The other thing I want to show you is R notebooks. So R notebooks is an rmarkdown document and if you've seen rmarkdown documents you know that's our web authoring tool for doing documents in R. The notebooks give you interactive code chunks and inline inputs and we're going to be using those today. So I just wanted to give you a heads up that that's in there because notebooks hasn't been officially released. It will be released in the next few weeks.
Live demo: connecting to Spark
So now that we've done the intros and the background on Spark I want to get to the real meat of the presentation which is actually using sparklyr and Spark and dplyr. So here what we're going to do is we're going to manipulate some data with dplyr and Spark using that Spark SQL API and we're going to do that on a local instance of Spark.

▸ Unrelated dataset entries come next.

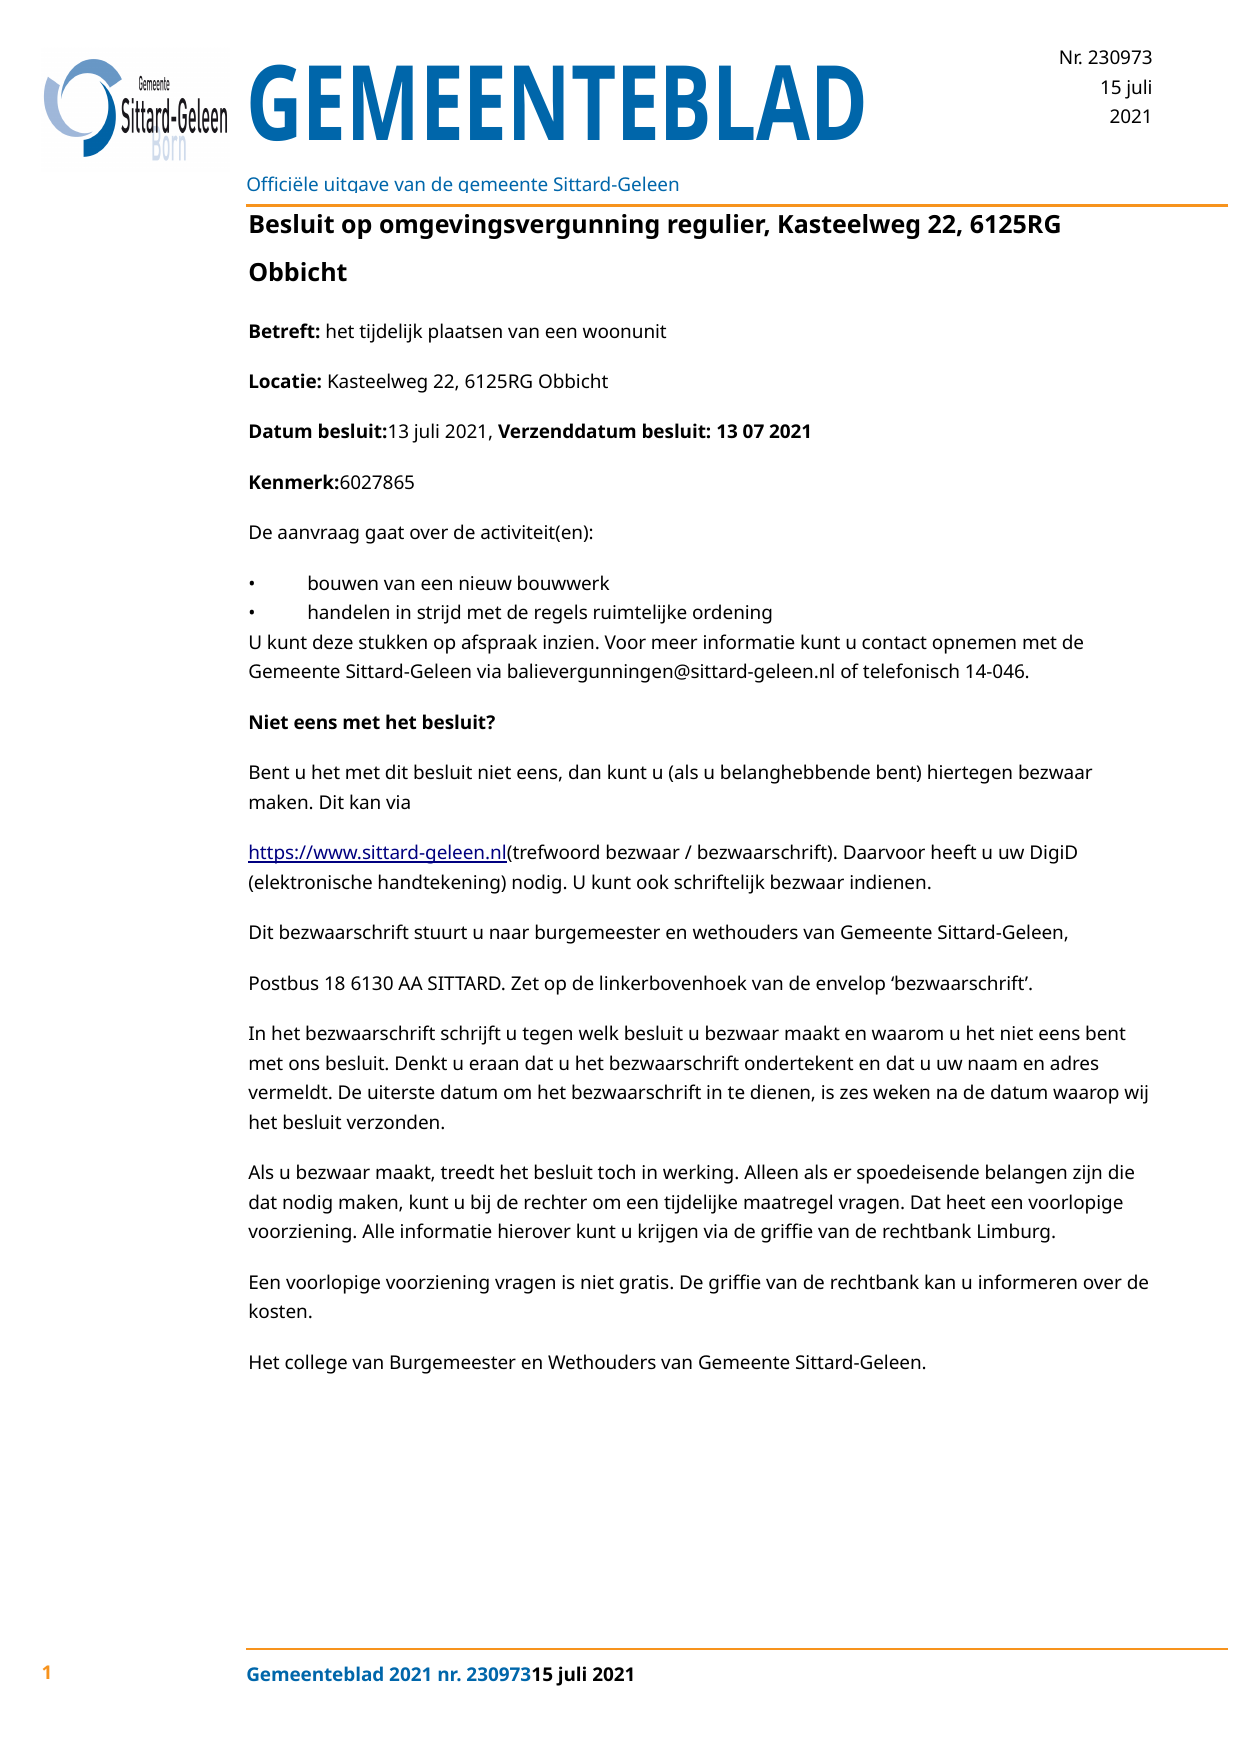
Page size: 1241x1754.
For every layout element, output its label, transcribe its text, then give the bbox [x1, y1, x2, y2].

text Dit bezwaarschrift stuurt u naar burgemeester en wethouders van Gemeente Sittard-Geleen, [248, 919, 1152, 945]
text Betreft: het tijdelijk plaatsen van een woonunit [248, 318, 1152, 344]
text Datum besluit:13 juli 2021, Verzenddatum besluit: 13 07 2021 [248, 419, 1152, 444]
text Kenmerk:6027865 [248, 469, 1152, 495]
text Niet eens met het besluit? [248, 709, 1152, 735]
text Besluit op omgevingsvergunning regulier, Kasteelweg 22, 6125RG Obbicht [248, 207, 1152, 288]
text In het bezwaarschrift schrijft u tegen welk besluit u bezwaar maakt en waarom u het niet eens bent met ons besluit. Denkt u eraan dat u het bezwaarschrift ondertekent en dat u uw naam en adres vermeldt. De uiterste datum om het bezwaarschrift in te dienen, is zes weken na de datum waarop wij het besluit verzonden. [248, 1020, 1152, 1135]
text Als u bezwaar maakt, treedt het besluit toch in werking. Alleen als er spoedeisende belangen zijn die dat nodig maken, kunt u bij de rechter om een tijdelijke maatregel vragen. Dat heet een voorlopige voorziening. Alle informatie hierover kunt u krijgen via de griffie van de rechtbank Limburg. [248, 1159, 1152, 1244]
text U kunt deze stukken op afspraak inzien. Voor meer informatie kunt u contact opnemen met de Gemeente Sittard-Geleen via balievergunningen@sittard-geleen.nl of telefonisch 14-046. [248, 629, 1152, 684]
picture [41, 47, 231, 172]
text Locatie: Kasteelweg 22, 6125RG Obbicht [248, 368, 1152, 394]
text Het college van Burgemeester en Wethouders van Gemeente Sittard-Geleen. [248, 1349, 1152, 1375]
text Bent u het met dit besluit niet eens, dan kunt u (als u belanghebbende bent) hiertegen bezwaar maken. Dit kan via [248, 759, 1152, 815]
list bouwen van een nieuw bouwwerk [248, 570, 1152, 596]
list handelen in strijd met de regels ruimtelijke ordening [248, 599, 1152, 625]
text https://www.sittard-geleen.nl(trefwoord bezwaar / bezwaarschrift). Daarvoor heeft u uw DigiD (elektronische handtekening) nodig. U kunt ook schriftelijk bezwaar indienen. [248, 839, 1152, 895]
text Een voorlopige voorziening vragen is niet gratis. De griffie van de rechtbank kan u informeren over de kosten. [248, 1269, 1152, 1324]
text Postbus 18 6130 AA SITTARD. Zet op de linkerbovenhoek van de envelop ‘bezwaarschrift’. [248, 970, 1152, 996]
text De aanvraag gaat over de activiteit(en): [248, 519, 1152, 545]
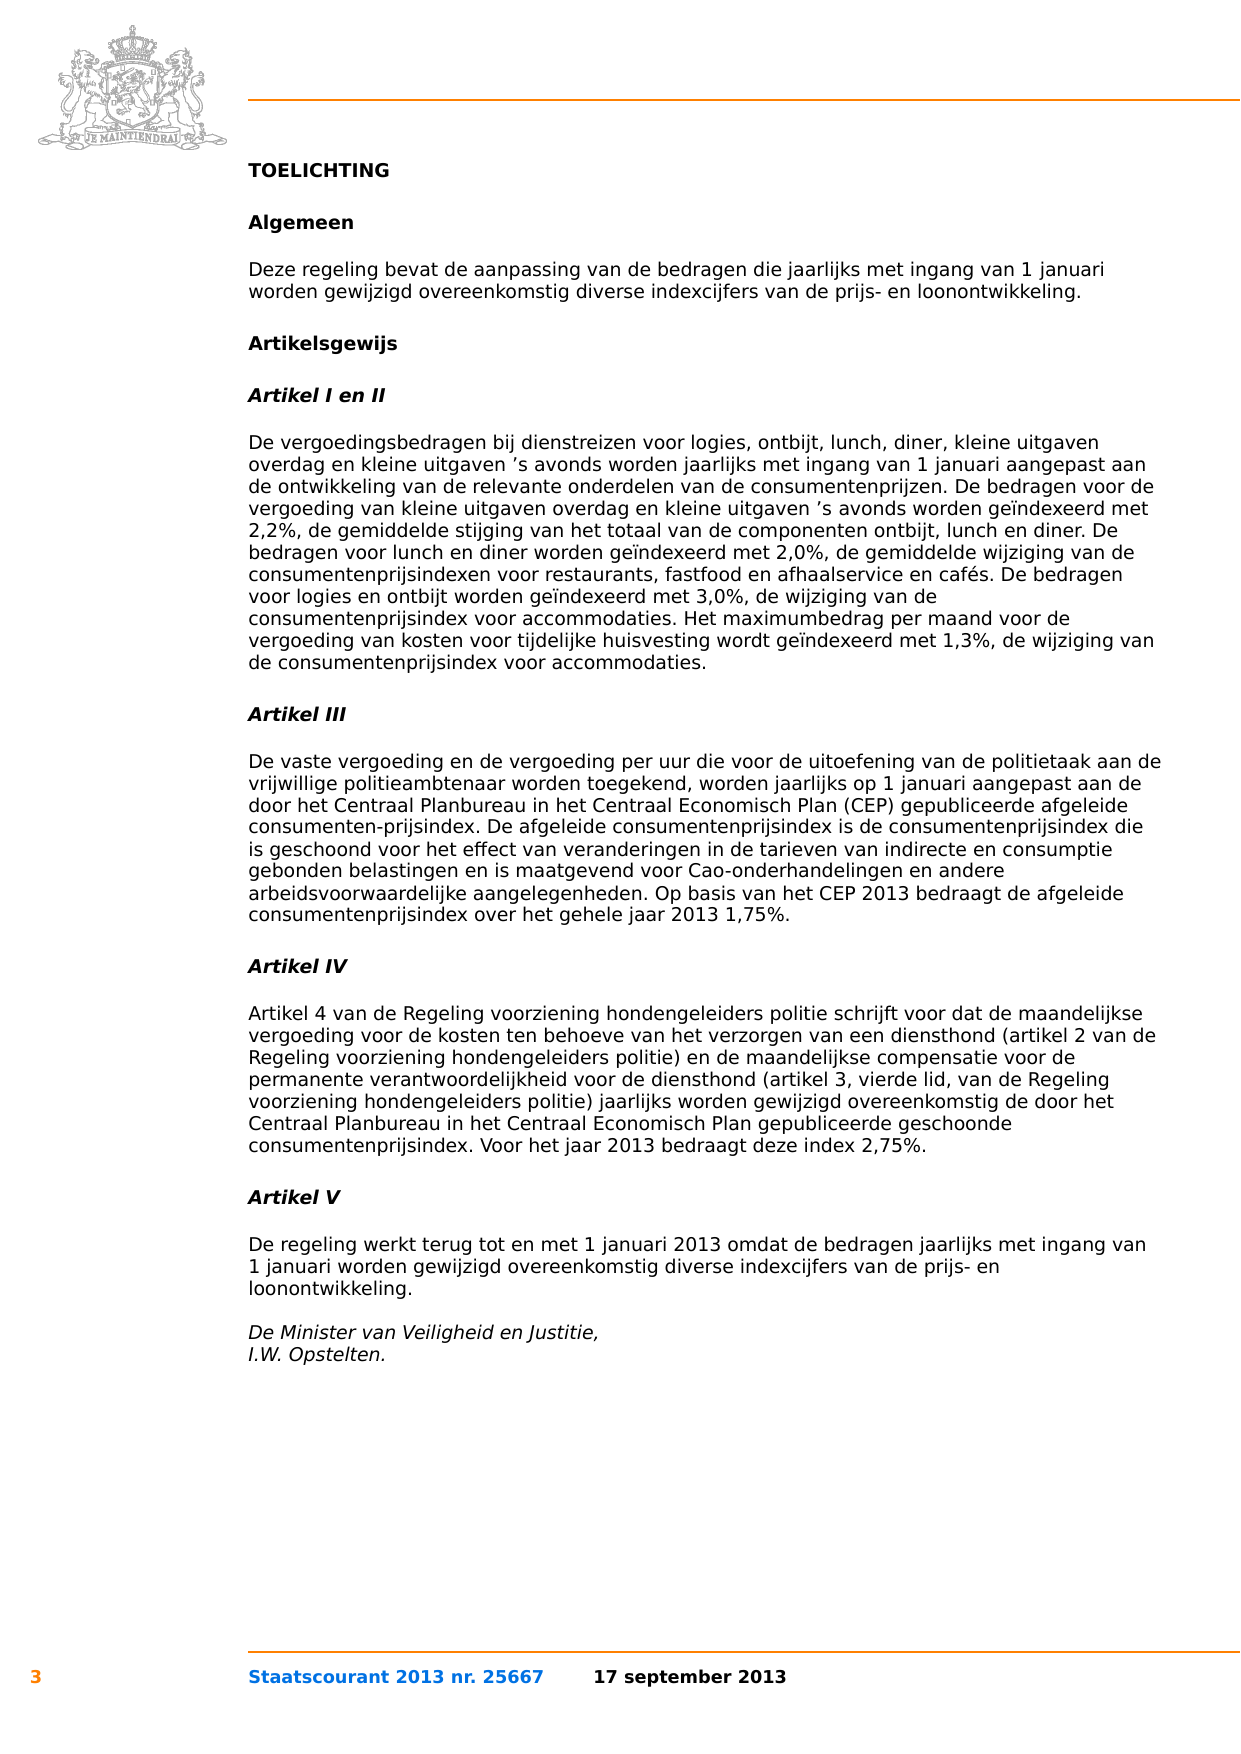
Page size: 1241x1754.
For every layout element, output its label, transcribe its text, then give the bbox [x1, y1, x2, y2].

subtitle Artikelsgewijs [248, 333, 1163, 355]
subtitle TOELICHTING [248, 160, 1163, 182]
subtitle Artikel III [248, 703, 1163, 726]
picture [38, 25, 227, 150]
subtitle Artikel IV [248, 956, 1163, 978]
text De vaste vergoeding en de vergoeding per uur die voor de uitoefening van de politietaak aan de vrijwillige politieambtenaar worden toegekend, worden jaarlijks op 1 januari aangepast aan de door het Centraal Planbureau in het Centraal Economisch Plan (CEP) gepubliceerde afgeleide consumenten-prijsindex. De afgeleide consumentenprijsindex is de consumentenprijsindex die is geschoond voor het effect van veranderingen in de tarieven van indirecte en consumptie gebonden belastingen en is maatgevend voor Cao-onderhandelingen en andere arbeidsvoorwaardelijke aangelegenheden. Op basis van het CEP 2013 bedraagt de afgeleide consumentenprijsindex over het gehele jaar 2013 1,75%. [248, 751, 1163, 926]
text De vergoedingsbedragen bij dienstreizen voor logies, ontbijt, lunch, diner, kleine uitgaven overdag en kleine uitgaven ’s avonds worden jaarlijks met ingang van 1 januari aangepast aan de ontwikkeling van de relevante onderdelen van de consumentenprijzen. De bedragen voor de vergoeding van kleine uitgaven overdag en kleine uitgaven ’s avonds worden geïndexeerd met 2,2%, de gemiddelde stijging van het totaal van de componenten ontbijt, lunch en diner. De bedragen voor lunch en diner worden geïndexeerd met 2,0%, de gemiddelde wijziging van de consumentenprijsindexen voor restaurants, fastfood en afhaalservice en cafés. De bedragen voor logies en ontbijt worden geïndexeerd met 3,0%, de wijziging van de consumentenprijsindex voor accommodaties. Het maximumbedrag per maand voor de vergoeding van kosten voor tijdelijke huisvesting wordt geïndexeerd met 1,3%, de wijziging van de consumentenprijsindex voor accommodaties. [248, 432, 1163, 673]
subtitle Artikel I en II [248, 385, 1163, 407]
subtitle Algemeen [248, 212, 1163, 234]
subtitle Artikel V [248, 1187, 1163, 1209]
text De Minister van Veiligheid en Justitie, I.W. Opstelten. [248, 1322, 1163, 1366]
text De regeling werkt terug tot en met 1 januari 2013 omdat de bedragen jaarlijks met ingang van 1 januari worden gewijzigd overeenkomstig diverse indexcijfers van de prijs- en loonontwikkeling. [248, 1234, 1163, 1300]
text Deze regeling bevat de aanpassing van de bedragen die jaarlijks met ingang van 1 januari worden gewijzigd overeenkomstig diverse indexcijfers van de prijs- en loonontwikkeling. [248, 259, 1163, 303]
text Artikel 4 van de Regeling voorziening hondengeleiders politie schrijft voor dat de maandelijkse vergoeding voor de kosten ten behoeve van het verzorgen van een diensthond (artikel 2 van de Regeling voorziening hondengeleiders politie) en de maandelijkse compensatie voor de permanente verantwoordelijkheid voor de diensthond (artikel 3, vierde lid, van de Regeling voorziening hondengeleiders politie) jaarlijks worden gewijzigd overeenkomstig de door het Centraal Planbureau in het Centraal Economisch Plan gepubliceerde geschoonde consumentenprijsindex. Voor het jaar 2013 bedraagt deze index 2,75%. [248, 1003, 1163, 1157]
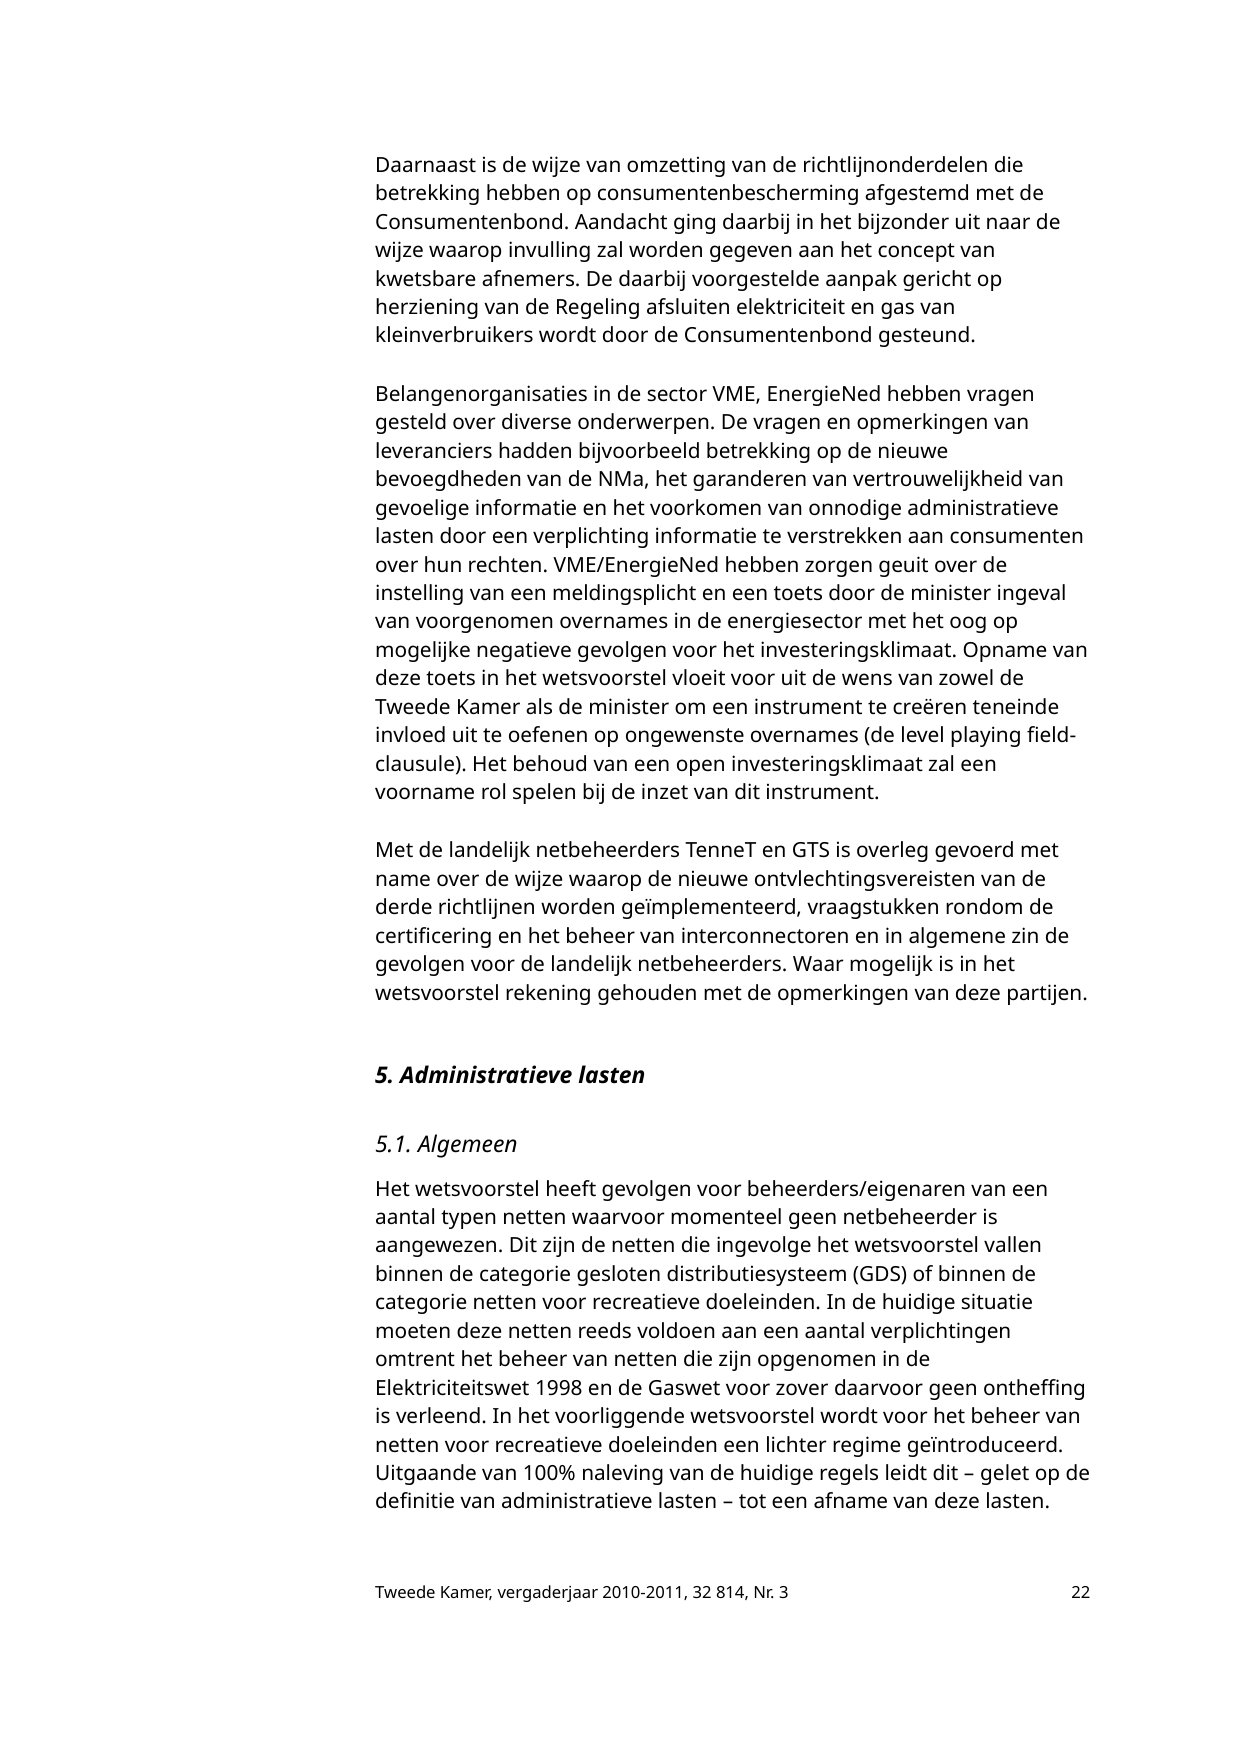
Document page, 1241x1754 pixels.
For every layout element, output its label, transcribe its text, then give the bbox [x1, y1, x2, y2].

text Belangenorganisaties in de sector VME, EnergieNed hebben vragen gesteld over diverse onderwerpen. De vragen en opmerkingen van leveranciers hadden bijvoorbeeld betrekking op de nieuwe bevoegdheden van de NMa, het garanderen van vertrouwelijkheid van gevoelige informatie en het voorkomen van onnodige administratieve lasten door een verplichting informatie te verstrekken aan consumenten over hun rechten. VME/EnergieNed hebben zorgen geuit over de instelling van een meldingsplicht en een toets door de minister ingeval van voorgenomen overnames in de energiesector met het oog op mogelijke negatieve gevolgen voor het investeringsklimaat. Opname van deze toets in het wetsvoorstel vloeit voor uit de wens van zowel de Tweede Kamer als de minister om een instrument te creëren teneinde invloed uit te oefenen op ongewenste overnames (de level playing field-clausule). Het behoud van een open investeringsklimaat zal een voorname rol spelen bij de inzet van dit instrument. [375, 379, 1090, 806]
text Het wetsvoorstel heeft gevolgen voor beheerders/eigenaren van een aantal typen netten waarvoor momenteel geen netbeheerder is aangewezen. Dit zijn de netten die ingevolge het wetsvoorstel vallen binnen de categorie gesloten distributiesysteem (GDS) of binnen de categorie netten voor recreatieve doeleinden. In de huidige situatie moeten deze netten reeds voldoen aan een aantal verplichtingen omtrent het beheer van netten die zijn opgenomen in de Elektriciteitswet 1998 en de Gaswet voor zover daarvoor geen ontheffing is verleend. In het voorliggende wetsvoorstel wordt voor het beheer van netten voor recreatieve doeleinden een lichter regime geïntroduceerd. Uitgaande van 100% naleving van de huidige regels leidt dit – gelet op de definitie van administratieve lasten – tot een afname van deze lasten. [375, 1174, 1090, 1515]
text Daarnaast is de wijze van omzetting van de richtlijnonderdelen die betrekking hebben op consumentenbescherming afgestemd met de Consumentenbond. Aandacht ging daarbij in het bijzonder uit naar de wijze waarop invulling zal worden gegeven aan het concept van kwetsbare afnemers. De daarbij voorgestelde aanpak gericht op herziening van de Regeling afsluiten elektriciteit en gas van kleinverbruikers wordt door de Consumentenbond gesteund. [375, 150, 1090, 349]
text Met de landelijk netbeheerders TenneT en GTS is overleg gevoerd met name over de wijze waarop de nieuwe ontvlechtingsvereisten van de derde richtlijnen worden geïmplementeerd, vraagstukken rondom de certificering en het beheer van interconnectoren en in algemene zin de gevolgen voor de landelijk netbeheerders. Waar mogelijk is in het wetsvoorstel rekening gehouden met de opmerkingen van deze partijen. [375, 836, 1090, 1006]
subtitle 5.1. Algemeen [375, 1127, 1090, 1159]
subtitle 5. Administratieve lasten [375, 1059, 1090, 1090]

So this is the RStudio server version of our product. You can see that because I'm in a web browser and this is the professional version of the product and you know that it's professional because I have multiple versions of R here and I also have multiple sessions that I can support here as well.
Alright so what I want to show to you today is this new Spark tab that's been added to the IDE. If I do a new connection I can say I'm going to connect to local so this is just going to be local to my machine. I'm not connecting to a Hadoop cluster here, I'm just keeping it right on my local machine. I'm going to go ahead and use dplyr. I'm going to choose Spark 162 which is the default and Hadoop 2.6. So these are dependencies that are required to run Spark.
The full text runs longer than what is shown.